I remember talking to a colleague awhile back about her schizophrenic brother. She sadly described how, as he started to show symptoms in his late teens and early 20’s, their mother became frantic. “She was always hugging him and smiling at him – as if she could hold the illness at bay by pouring on the mother-love. Kind of like loading up with vitamin C to ward off a cold.” She shook her head. “Ah, Freud.”That reminded me of the time I met with a couple to consult about their highly intelligent son, unraveling – even as we spoke – in his dorm room at a highly selective, little Ivy college. Despite the urgency of the deteriorating situation, they both first needed to discharge their anger at each other for the part – each was convinced – the other had played in either coddling or being too hard on their only son.Some loved ones do seem to be looking for validation, even exculpation, when they consult. They make it about themselves – rather than be looking to learn and understand how to interact more effectively and productively. Other family members are more instinctively surefooted in these situations, have the right temperament, while some others more easily succumb to anxiety and self-centeredness in the face of the “pressure.”

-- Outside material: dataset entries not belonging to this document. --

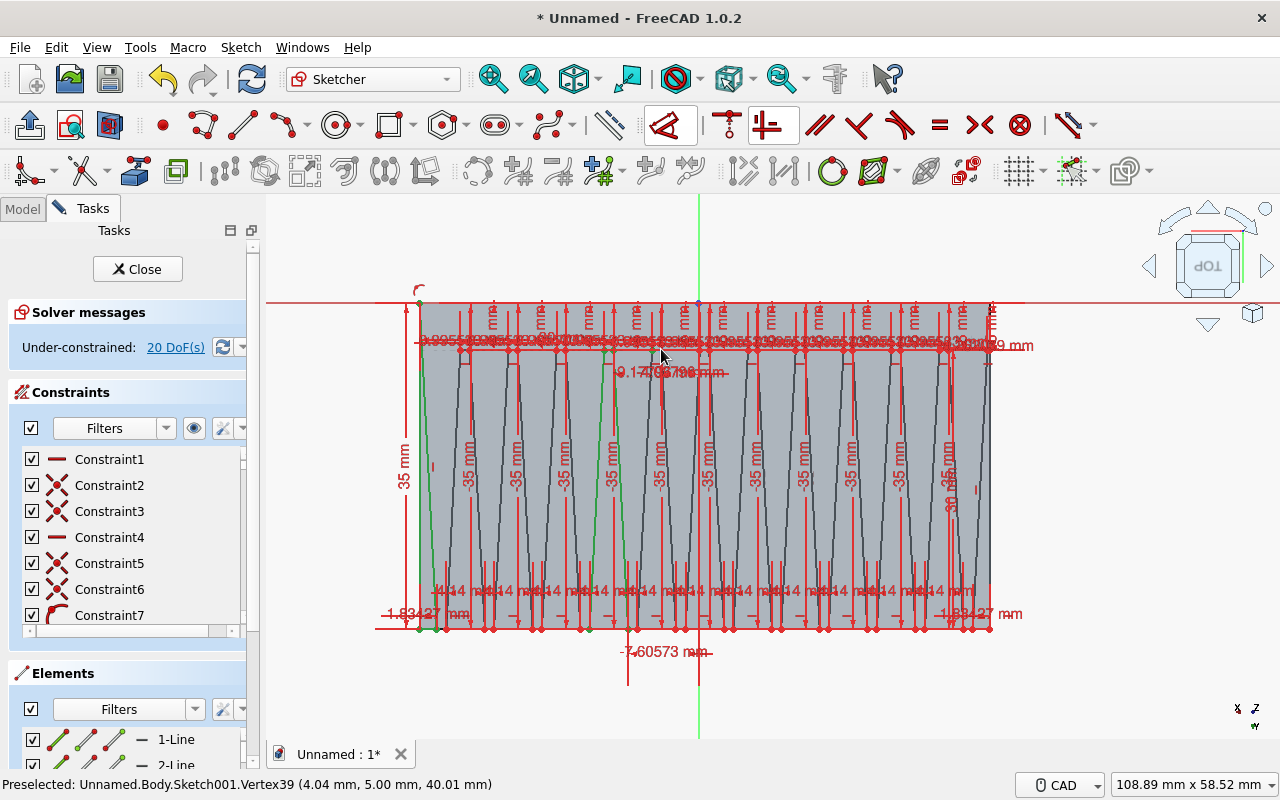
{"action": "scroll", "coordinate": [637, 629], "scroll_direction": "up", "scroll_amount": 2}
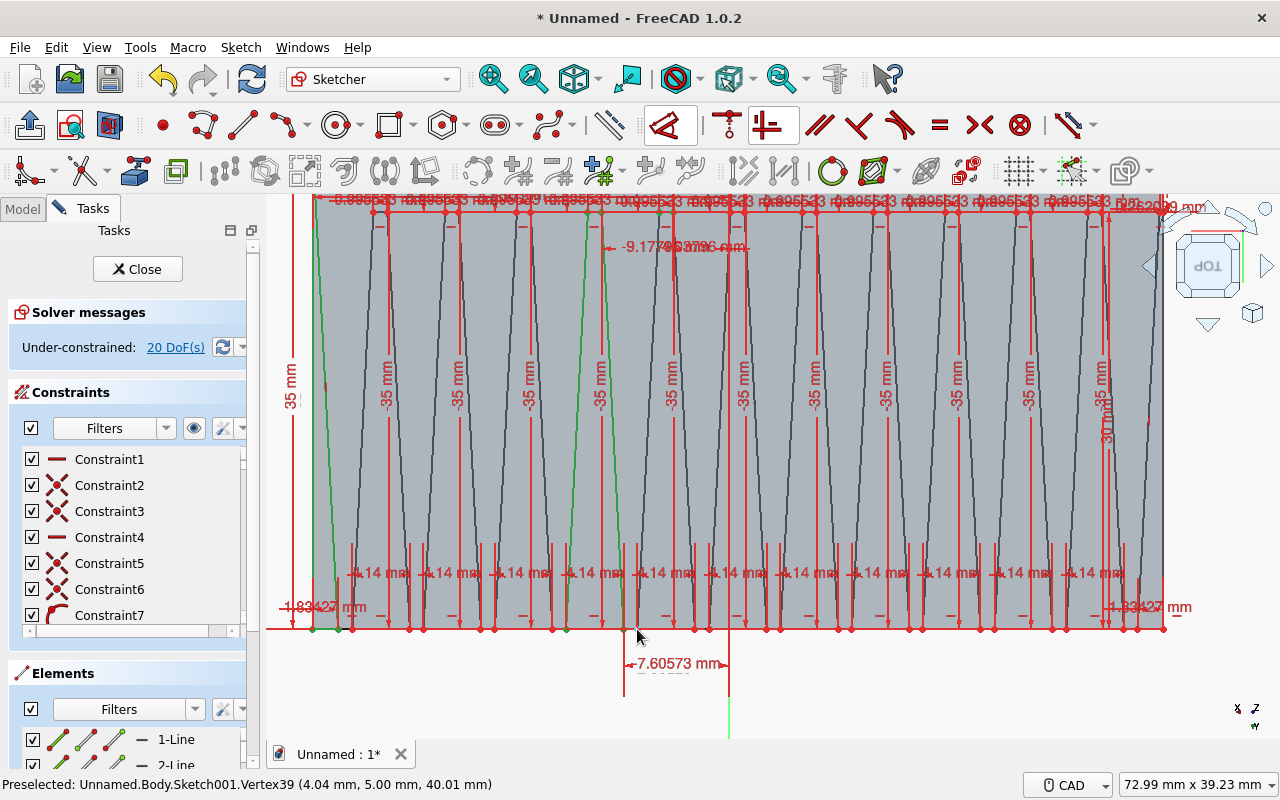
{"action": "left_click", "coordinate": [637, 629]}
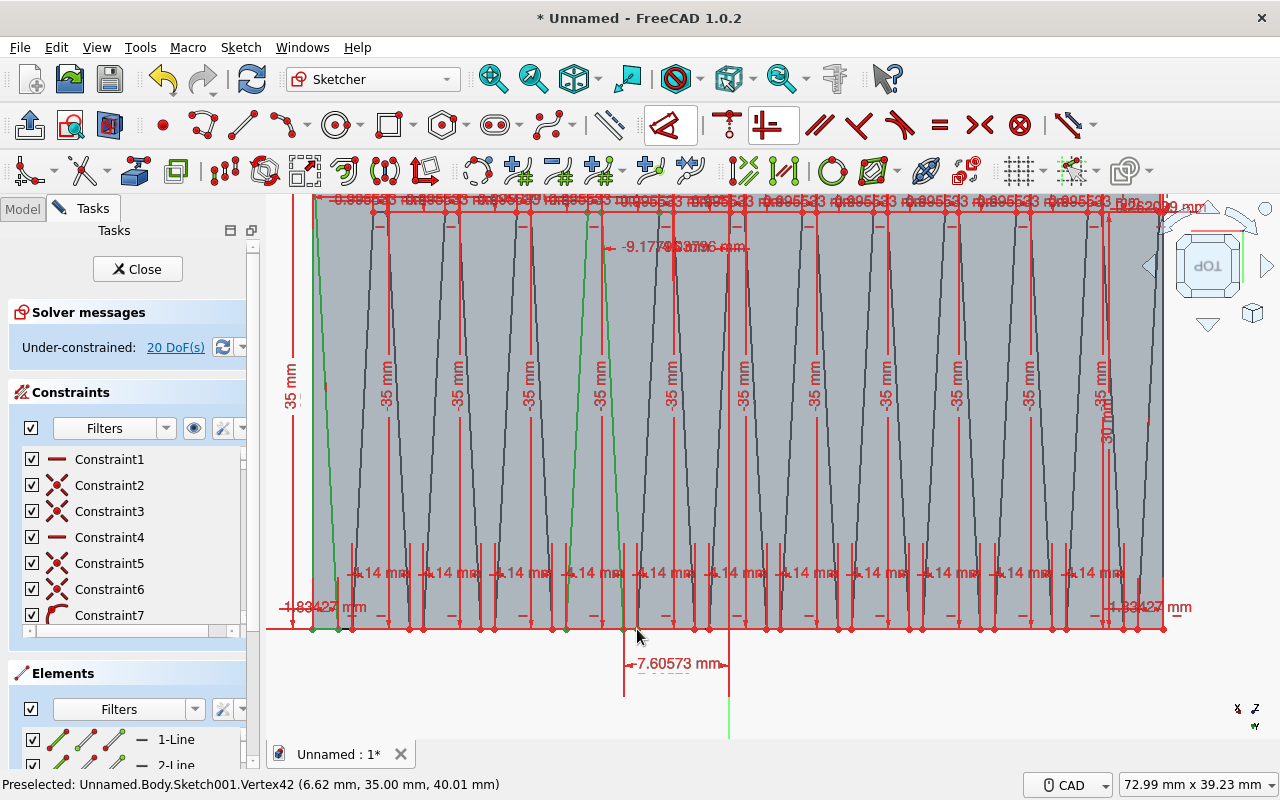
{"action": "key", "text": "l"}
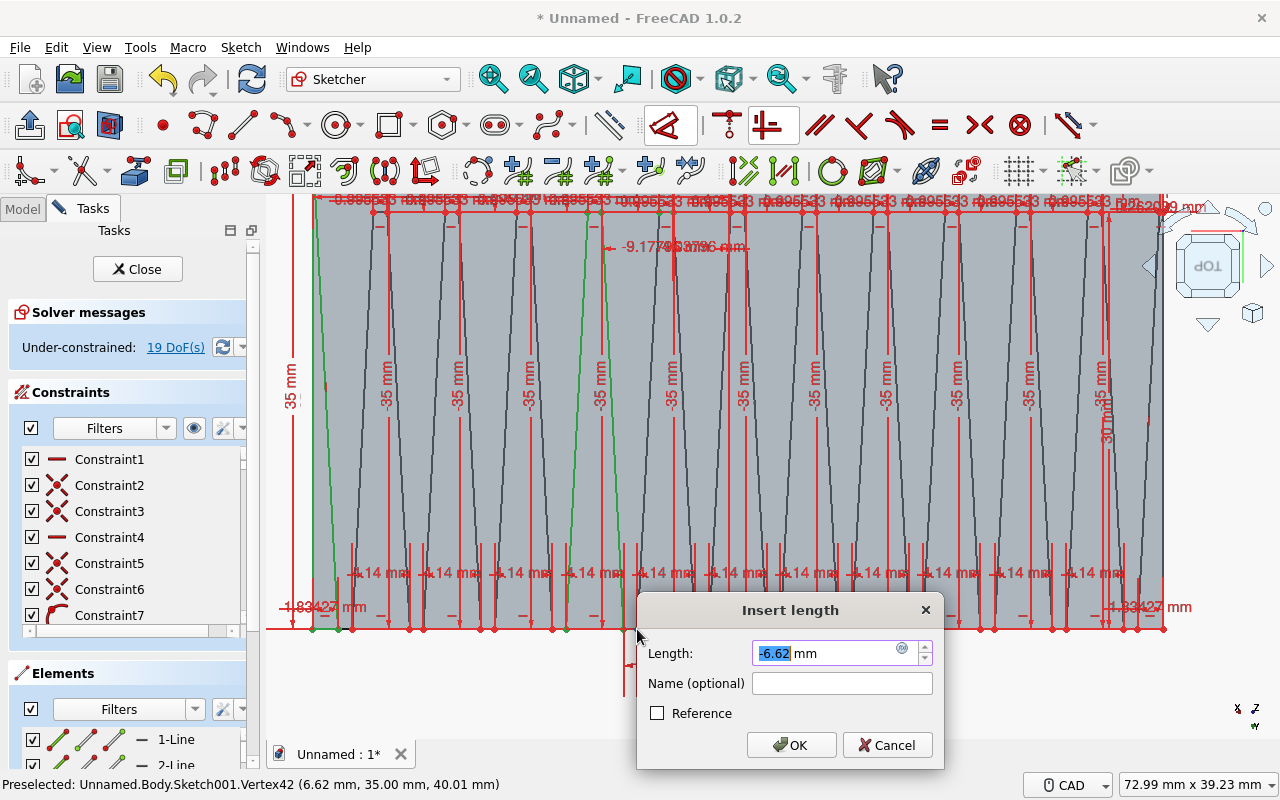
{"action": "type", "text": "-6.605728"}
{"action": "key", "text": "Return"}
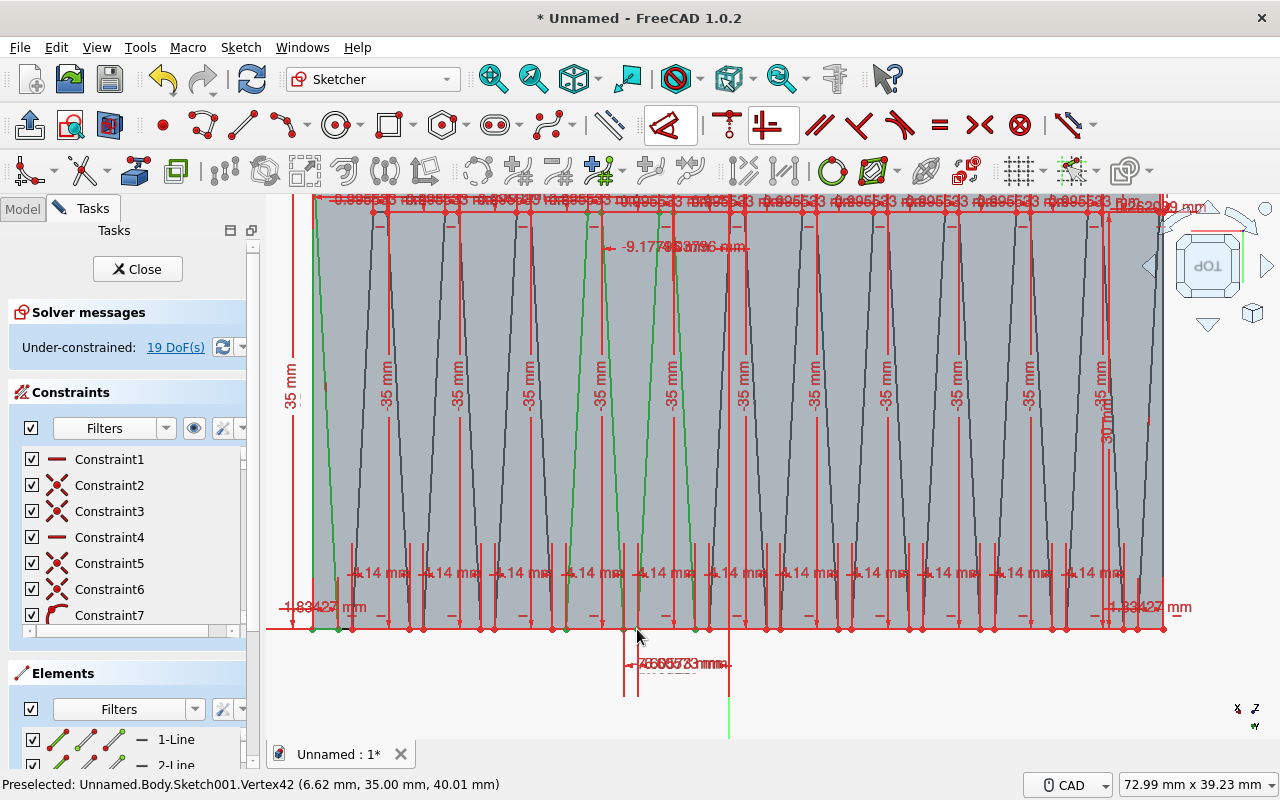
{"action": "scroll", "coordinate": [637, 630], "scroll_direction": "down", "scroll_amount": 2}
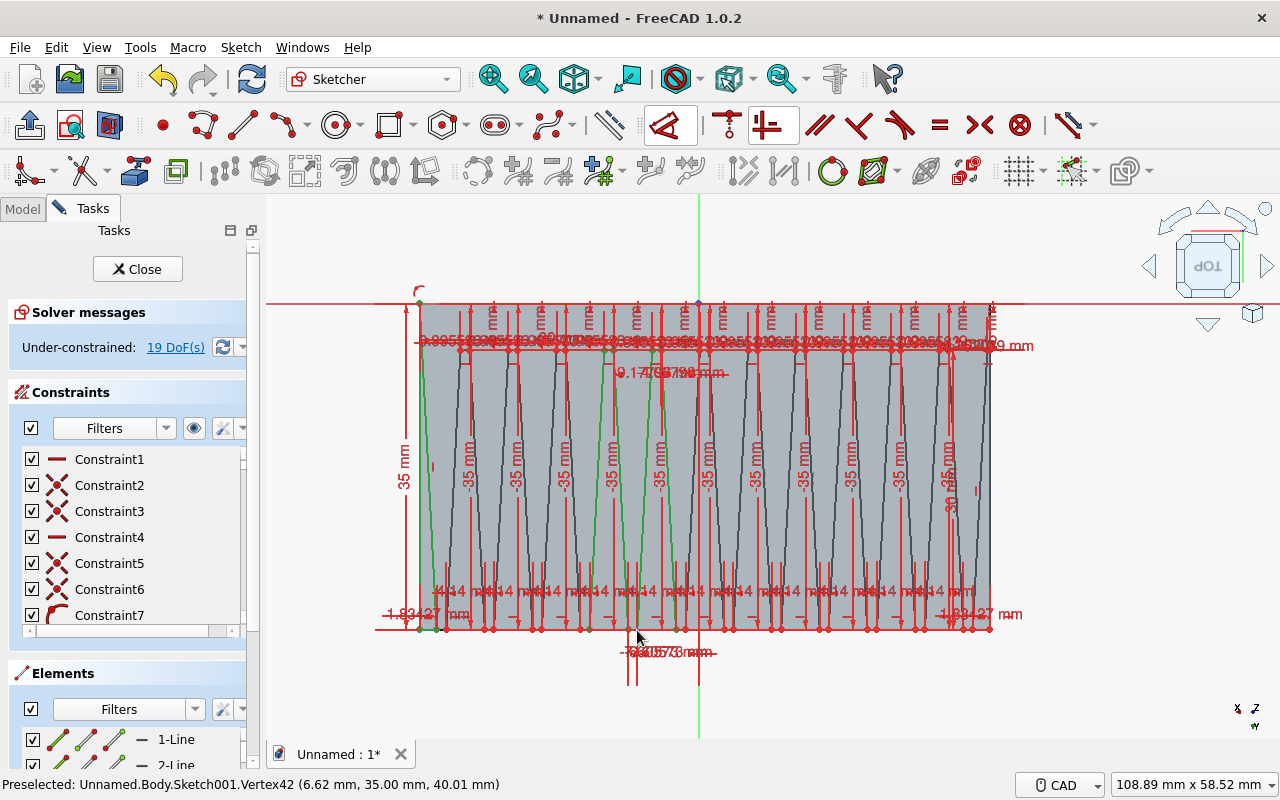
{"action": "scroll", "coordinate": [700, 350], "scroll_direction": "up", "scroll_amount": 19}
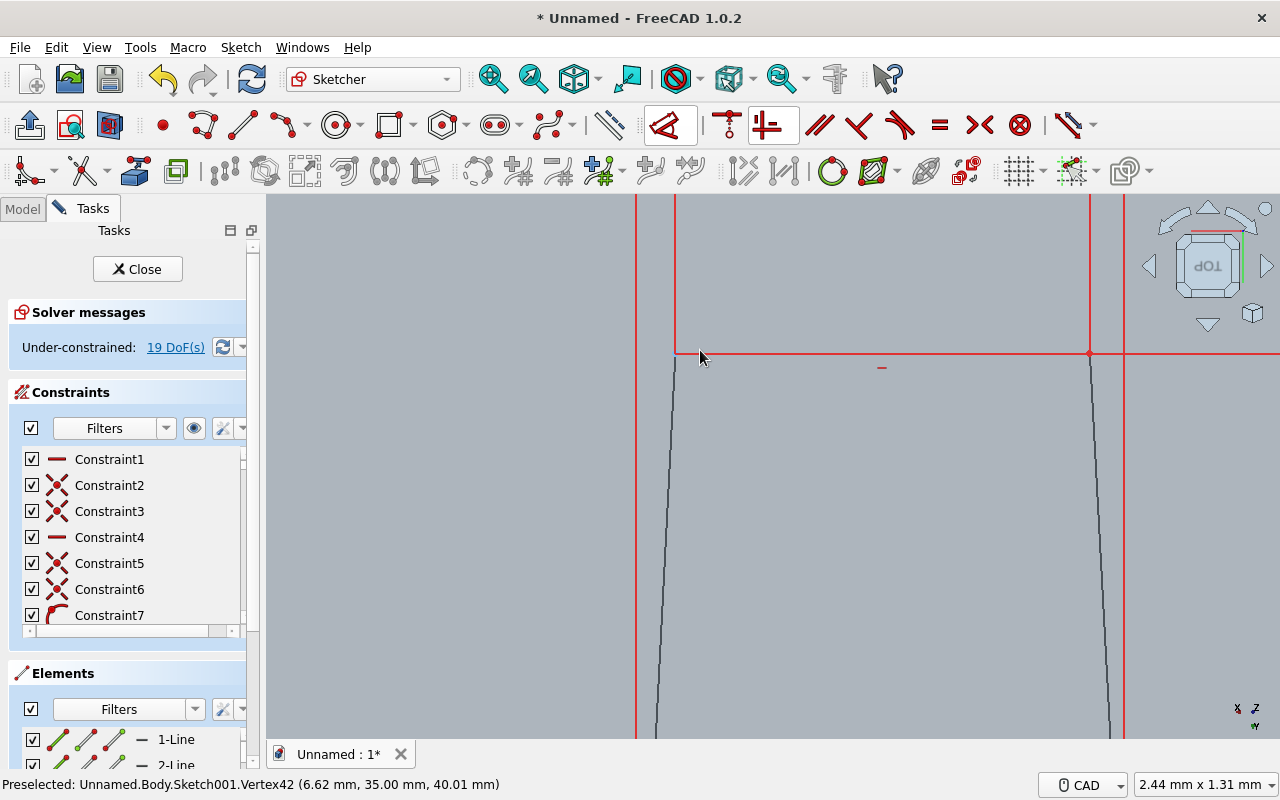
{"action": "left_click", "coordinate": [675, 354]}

When severe mental illness strikes a family it’s impossible to overstate the impact: so poignant, so potentially tragic, so laden with deep and conflicting emotions. I’ve never really been tempted to concocting a bulleted list of “tips” or “do’s and don’ts” on the topic of coping with, and trying to help, a family member with severe mental illness. It doesn’t seem right.
Of course each case is unique, and obviously particular circumstances drive the process and determine likely outcomes far more than any generalizations I might come up with.
But there’s one apparent contradiction I don’t have a problem broaching with families: the world of “medical model” professional treatment of mental illness.
First – obviously – it can be fantastic help to the patient and to the family. Truly. The right dose of the right medication, a solid connection to a therapist, along with reasonable cooperation and compliance by the patient can generate relief, stability, and steady progress. I help families stick to the plan.
But, sadly, it can also feed the chaos – the brunt of which mostly lands on families and loved ones. There are so many twists and turns over time: different diagnoses, multiple providers, school issues, work place problems, changed medications, adjusted doses, substance abuse and addiction, all even more complicated by the degree of patient compliance or noncompliance with treatment. To add complexity, who pays the bills really does matter: private pay, health insurance, the government, etc. Official diagnoses and labels enable services to be provided, but can also contradict and obfuscate a complicated reality. On and on it goes. My point about saying this is straightforward: like iatrogenic illnesses caused by going to the hospital, mental health treatment can exacerbate the complexity, inhibit healing, and make things much worse.
To state the obvious, the family is the primary environment in which all of this plays out. The family is crucial to successful help and healing, but it, too, can be a major source of negativity.
Some family members – out of love, loyalty, and a deep sense of duty – step up and are incredible. Some want to step up, but aren’t sure how to do it and are worried about being trapped and have it all turn out to be futile anyway. They’re already living with the effect the situation has on their lives, and their honest desire is for it to just go away – which they (sometimes) feel guilty about.
Helping loved ones with their struggle is a good thing, and so often it’s also absolutely necessary if the family is to function at all. Sorting out the options and choices in an intelligent, emotionally honest way is the way to go. It’s not always easy, but it’s not that hard to make small changes that improve the current situation – and it sure beats just enduring it and doing nothing.